The case the Supreme Court granted review for on Monday focuses on the detention of lawful permanent residents. Carol Black and Keisy G.M. are both green-card holders who have lived in the United States legally for decades. Black moved to New York from Jamaica in 1983. In 2000, he was convicted of a sex abuse crime, and served five years of probation, until 2005. Based on that conviction, ICE detained Black in 2019 and started deportation proceedings. They held him for seven months. Seeking to be back with his family while his investigation continued, Black sought a hearing where he could receive and post a bond, which the immigration judge would not grant. Ultimately, Black had to file a habeas petition in federal court, arguing that going seven months without a hearing violated his constitutional right to an individualized determination.

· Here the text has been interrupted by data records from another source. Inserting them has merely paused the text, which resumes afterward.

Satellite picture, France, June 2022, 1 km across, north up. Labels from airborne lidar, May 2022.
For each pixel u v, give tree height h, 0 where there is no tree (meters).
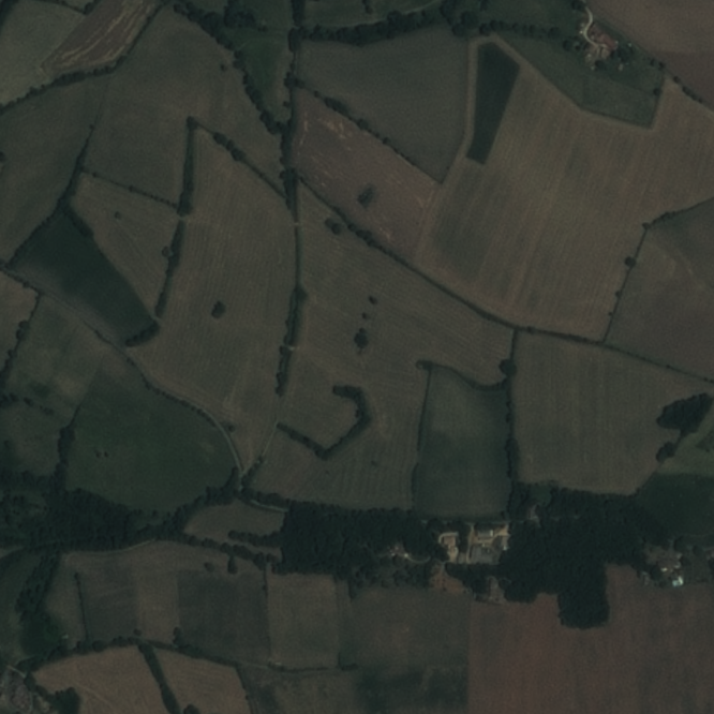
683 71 0
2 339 0
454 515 0
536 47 0
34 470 0
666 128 0
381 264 0
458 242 0
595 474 0
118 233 0
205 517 0
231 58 0
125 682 0
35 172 0
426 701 0
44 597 6
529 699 0
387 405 0
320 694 0
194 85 0
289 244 0
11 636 0
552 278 0
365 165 0
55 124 0
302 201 0
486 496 0
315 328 0
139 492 0
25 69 0
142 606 0
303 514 18
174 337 0
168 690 7
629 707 0
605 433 0
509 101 0
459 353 0
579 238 0
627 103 0
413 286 0
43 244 0
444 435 0
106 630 0
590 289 0
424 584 7
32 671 9
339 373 0
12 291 0
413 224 0
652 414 0
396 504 0
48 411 8
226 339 0
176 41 0
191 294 0
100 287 0
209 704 0
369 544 15
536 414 0
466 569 10
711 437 0
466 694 0
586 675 0
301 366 0
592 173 0
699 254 0
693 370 0
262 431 0
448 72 0
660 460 12
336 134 0
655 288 0
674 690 0
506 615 0
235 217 0
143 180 0
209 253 0
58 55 0
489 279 0
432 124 0
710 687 0
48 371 0
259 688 0
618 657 0
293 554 15
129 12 0
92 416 0
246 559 7
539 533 12
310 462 0
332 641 0
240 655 0
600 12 0
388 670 0
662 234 0
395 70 0
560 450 0
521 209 0
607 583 12
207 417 9
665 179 0
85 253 0
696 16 0
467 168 0
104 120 0
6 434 0
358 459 0
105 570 0
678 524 0
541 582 14
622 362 0
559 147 0
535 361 0
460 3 23
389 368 0
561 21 0
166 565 0
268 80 0
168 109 0
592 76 0
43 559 9
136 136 0
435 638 0
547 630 0
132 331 0
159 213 0
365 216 0
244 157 16
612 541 15
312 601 0
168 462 0
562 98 0
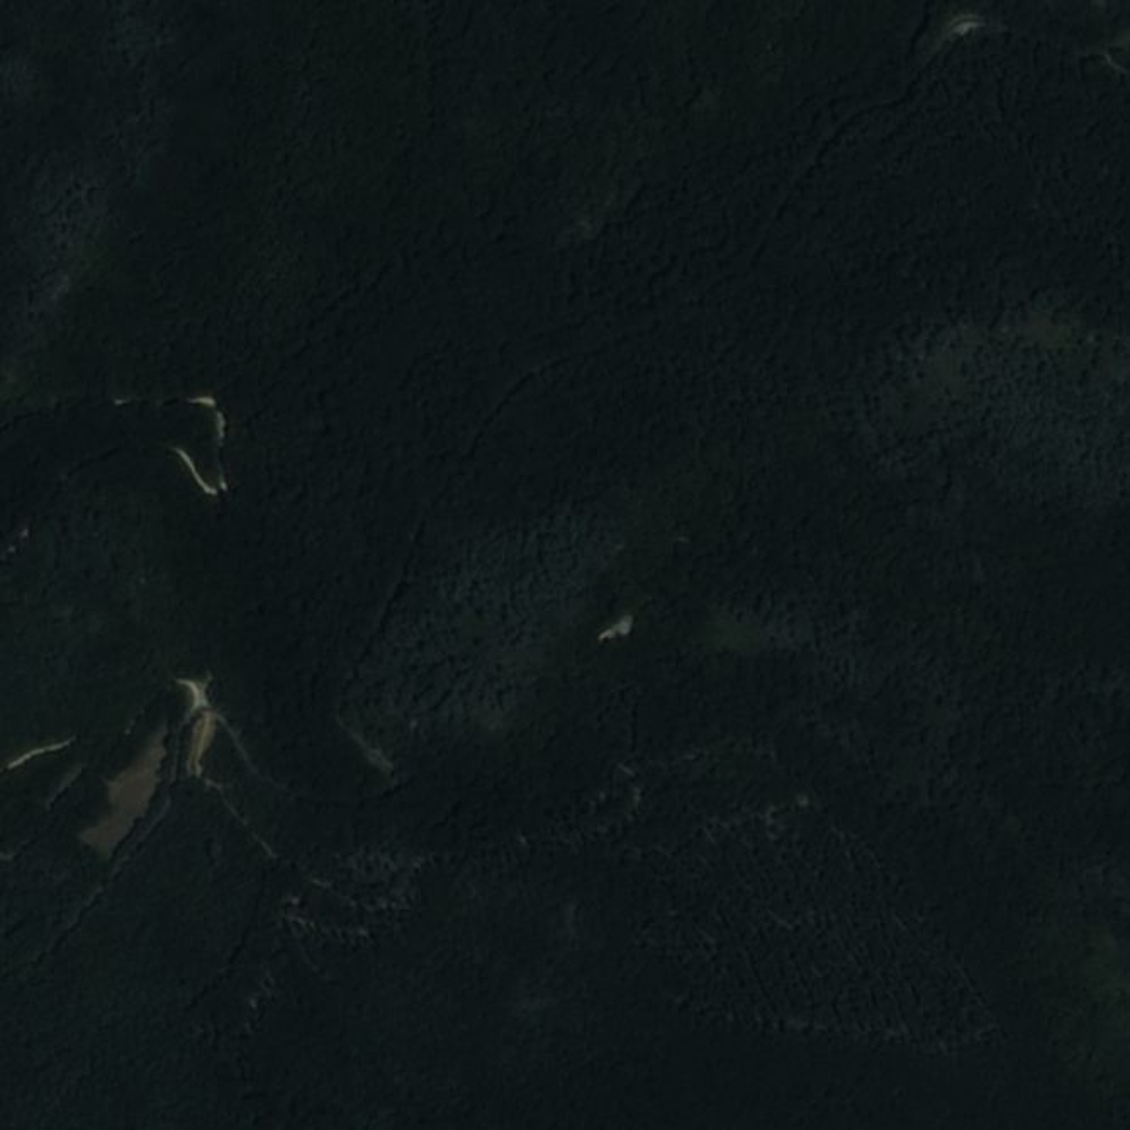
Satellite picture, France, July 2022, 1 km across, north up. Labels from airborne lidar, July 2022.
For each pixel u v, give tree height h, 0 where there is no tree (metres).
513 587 14
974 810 11
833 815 18
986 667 19
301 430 20
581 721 30
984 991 15
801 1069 20
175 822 8
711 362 16
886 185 19
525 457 15
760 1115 17
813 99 18
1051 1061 14
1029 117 23
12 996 17
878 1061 17
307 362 25
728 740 9
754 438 18
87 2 21
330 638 15
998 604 9
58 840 10
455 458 23
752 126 14
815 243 18
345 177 12
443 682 6
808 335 17
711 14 19
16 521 17
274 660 29
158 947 8
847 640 14
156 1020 13
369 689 10
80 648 7
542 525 11
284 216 14
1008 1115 10
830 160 20
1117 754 12
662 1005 13
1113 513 12
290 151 16
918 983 18
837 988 18
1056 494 10
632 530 8
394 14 24
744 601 13
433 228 21
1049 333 0
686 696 18
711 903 19
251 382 18
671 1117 17
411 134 20
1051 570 14
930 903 16
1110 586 14
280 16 22
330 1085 12
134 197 17
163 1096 10
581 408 16
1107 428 14
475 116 24
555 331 21
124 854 10
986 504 18
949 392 10
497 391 17
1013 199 16
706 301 18
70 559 9
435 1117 17
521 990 7
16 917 10
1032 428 18
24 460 20
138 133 9
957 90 18
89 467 15
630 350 20
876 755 19
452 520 19
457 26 15
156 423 26
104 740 13
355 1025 13
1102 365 13
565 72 21
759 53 11
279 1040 17
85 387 13
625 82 25
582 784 16
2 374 7
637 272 17
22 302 18
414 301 20
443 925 10
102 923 11
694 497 21
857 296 21
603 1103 18
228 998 19
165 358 9
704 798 13
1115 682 14
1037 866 11
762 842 13
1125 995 9
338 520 12
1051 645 16
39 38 22
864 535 11
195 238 22
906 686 14
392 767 8
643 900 14
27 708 14
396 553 17
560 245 22
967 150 21
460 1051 9
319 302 16
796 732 14
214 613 18
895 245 15
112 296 16
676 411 21
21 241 20
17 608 14
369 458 11
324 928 20
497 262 27
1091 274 18
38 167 19
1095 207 18
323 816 22
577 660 12
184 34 16
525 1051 8
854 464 14
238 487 18
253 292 14
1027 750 11
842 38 18
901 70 13
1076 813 12
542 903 8
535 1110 16
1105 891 9
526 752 22
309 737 20
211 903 6
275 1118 25
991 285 13
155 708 15
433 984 9
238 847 9
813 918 6
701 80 23
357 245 23
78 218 14
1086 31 16
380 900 19
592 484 9
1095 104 25
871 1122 19
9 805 18
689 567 24
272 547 15
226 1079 20
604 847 19
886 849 13
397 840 14
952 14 7
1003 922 12
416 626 15
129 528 13
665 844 14
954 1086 15
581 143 20
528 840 20
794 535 17
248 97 19
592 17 27
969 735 7
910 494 12
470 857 22
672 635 17
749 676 15
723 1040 19
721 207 19
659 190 17
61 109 25
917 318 9
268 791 16
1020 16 16
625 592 18
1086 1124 13
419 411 24
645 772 16
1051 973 9
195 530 23
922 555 13
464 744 10
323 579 13
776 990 17
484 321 18
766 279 15
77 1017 10
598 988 11
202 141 23
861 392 6
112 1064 9
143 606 9
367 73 18
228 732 6
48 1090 8
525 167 14
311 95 12
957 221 15
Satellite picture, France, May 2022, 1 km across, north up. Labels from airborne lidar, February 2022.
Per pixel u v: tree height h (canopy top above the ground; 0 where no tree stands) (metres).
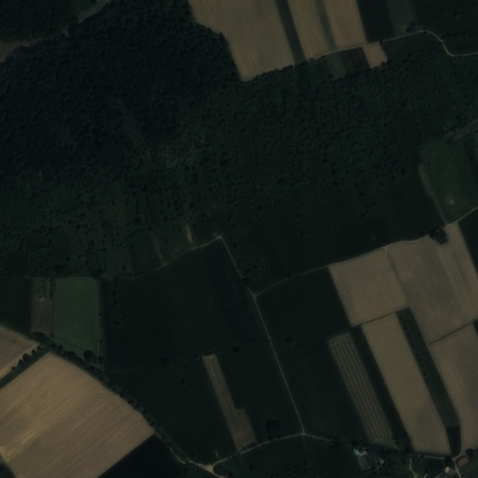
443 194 0
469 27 0
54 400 0
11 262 0
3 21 23
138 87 29
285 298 0
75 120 32
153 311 0
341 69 0
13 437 0
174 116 19
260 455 0
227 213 0
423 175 0
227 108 9
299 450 0
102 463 0
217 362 0
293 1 0
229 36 0
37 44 0
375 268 0
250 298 0
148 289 0
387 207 0
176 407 0
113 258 0
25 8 29
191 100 17
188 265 0
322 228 0
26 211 17
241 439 0
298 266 0
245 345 0
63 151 28
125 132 20
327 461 0
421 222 0
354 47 0
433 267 0
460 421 0
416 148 0
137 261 0
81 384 0
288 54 0
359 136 9
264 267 6
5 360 0
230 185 8
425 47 0
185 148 8
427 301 0
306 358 0
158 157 16
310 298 0
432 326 0
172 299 0
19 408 0
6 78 24
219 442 0
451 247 0
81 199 14
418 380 0
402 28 0
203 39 24
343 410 0
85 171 20
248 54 0
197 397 0
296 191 0
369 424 0
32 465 0
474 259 0
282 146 0
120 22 26
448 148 0
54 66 31
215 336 0
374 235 0
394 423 0
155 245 0
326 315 0
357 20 0
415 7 0
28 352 0
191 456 9
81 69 30
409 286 0
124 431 0
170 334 0
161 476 0
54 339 0
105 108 27
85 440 0
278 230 0
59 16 30
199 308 0
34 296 0
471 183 0
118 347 0
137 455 0
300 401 0
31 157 25
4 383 0
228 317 0
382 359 0
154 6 11
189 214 0
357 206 0
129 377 0
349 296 0
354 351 0
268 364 0
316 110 14
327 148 12
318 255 0
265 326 0
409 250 0
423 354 0
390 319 0
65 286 0
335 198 0
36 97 27
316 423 0
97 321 0
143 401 0
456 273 0
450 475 0
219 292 0
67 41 23
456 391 0
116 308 9
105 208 8
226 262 0
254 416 0
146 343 0
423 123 0
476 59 9
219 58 22
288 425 0
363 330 0
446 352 0
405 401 0
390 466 7
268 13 0
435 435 0
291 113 12
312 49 0
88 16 0
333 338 0
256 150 7
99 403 0
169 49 27
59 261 0
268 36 0
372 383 0
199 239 0
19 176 19
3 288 0
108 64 27
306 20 0

Similarly, G.M. is a lawful permanent resident from the Dominican Republic who has lived in New York City since 2011, where he was charged with assault after getting in a fight. He served a two-year sentence,and was released early. In events similar to Black’s, ICE came to G.M.’s home years later, took him into custody, and tried to remove him. But in a situation worse than Black’s, ICE detained G.M. for 21 months without a bond hearing, and only released him because of a court order in a separate case, which gave nationwide relief to a class of prisoners receiving unjust treatment during COVID.

The Court of Appeals for the 2 nd Circuit ruled that both Black and G.M. had constitutional due process rights to a bond hearing. Immigration proceedings, the court explained, are civil, not criminal matters, and the Supreme Court has long suggested that there would be serious constitutional problems with a statute that allows indefinite civil detention. To be clear, a bond hearing does not guarantee that a person is released; a court is free to assess the flight risk, and to develop as many measures as it sees fit to ensure that the person shows up for the later proceedings. But the complete lack of that individual determination violates the right that someone cannot be denied “life, liberty, or property without due process of law.”

The Supreme Court might not agree. The statute the government relied on for Black’s and G.M.’s detentions is the Immigration and Nationality Act. And in previous cases, the Supreme Court has interpreted the law’s bond provisions narrowly. In 2003’s Demore , the court held that an initial bond hearing was not required by the statute. Then in 2018’s Jennings , Justice Samuel Alito held that this same statutory provision does not require a bond hearing after a particular period of delay, in a 5–3 ideological opinion (with Justice Elena Kagan recused). The court in Jennings, however, did not rule on whether the Constitution itself requires a bond hearing, which is what the 2 nd Circuit decided here.

For decades, courts have considered due process challenges by relying on a test from Mathews v. Eldridge . The Mathews test weighs three factors: the private individual’s loss of liberty, the risk of error on the government’s part, and the government’s interest, usually measured in terms of the “fiscal and administrative burdens” of the government action. Judges regularly describe this test as “fact-heavy” and varying based on the details of each case. The 2 nd Circuit relied on the long-familiar Mathews test here, crediting the government’s concerns about flight risks, but ultimately ruling in favor of requiring a bond hearing given the length of Black’s and G.M.’s detentions.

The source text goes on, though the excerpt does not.